BELGIQUE

La Wallonie et Bruxelles voient dans le Green deal européen un «acte fort»

La Wallonie et Bruxelles voient dans le Green deal européen un «acte fort»

La présidente de la Comission européenne, Ursula von der Leyen. AFP

Le Green deal européen, présenté par la Commission européenne, est un engagement fort qui porte sur la transition écologique, énergétique et environnementale au cœur duquel la Wallonie entend s’inscrire, a réagi jeudi le ministre wallon du Climat, Philippe Henry.

«Ce plan d’actions nécessite pour être concrétisé des moyens considérables, mais aussi de l’adhésion de toutes les parties prenantes.
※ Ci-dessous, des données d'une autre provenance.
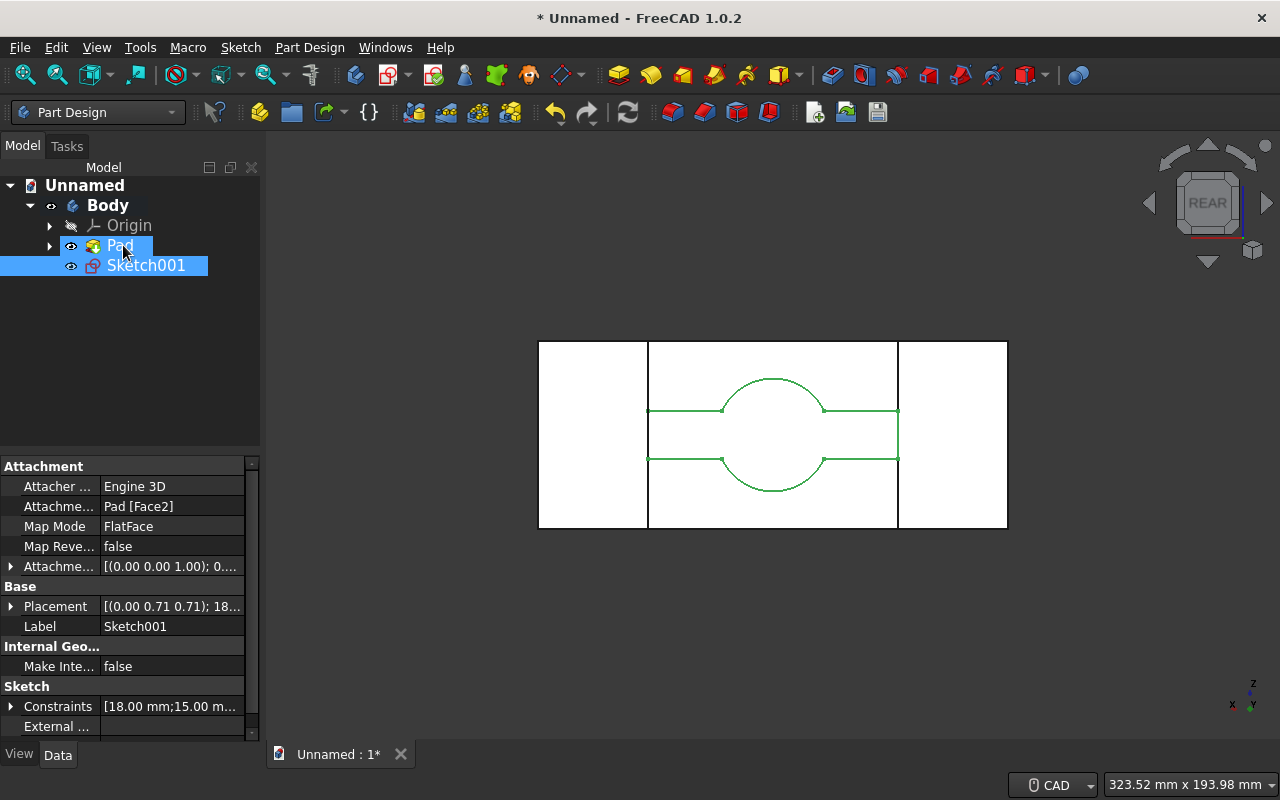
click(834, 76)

À cet égard, la Wallonie est pionnière avec son ambition de -55% d’émissions de gaz à effet de serre d’ici 2030», selon le ministre wallon.

Ce «Pacte vert» devra mobiliser des milliards d’euros d’investissements à l’échelle européenne, «prendre en compte la réalité des plus démunis et permettre de lutter efficacement contre la précarité énergétique», souligne-t-on encore.

Saluant lui aussi un «acte fort», le ministre bruxellois de la Transition climatique, Alain Maron estime que les villes «doivent être, plus que jamais, des partenaires de première ligne pour faire» des déclarations d’intention de la Commission «une réalité».

La Wallonie et la Région de Bruxelles-Capitale ont rallié la «Climate ambition alliance» lancée par la présidence chilienne de la COP25 et fédérant des acteurs étatiques, des Régions, villes et entreprises se voulant à la pointe de l’ambition climatique. La Wallonie et Bruxelles adhèrent plus particulièrement à son volet prônant la neutralité carbone à l’horizon 2050.

En 2020, la Wallonie contribuera par ailleurs au financement climatique international à hauteur de huit millions d’euros. De ce montant, 3,8 millions iront au Fonds pour l’adaptation, 2,7 millions au fonds en faveur des pays les moins développés et un million d’euros à l’agence internationale pour les énergies renouvelables (Irena).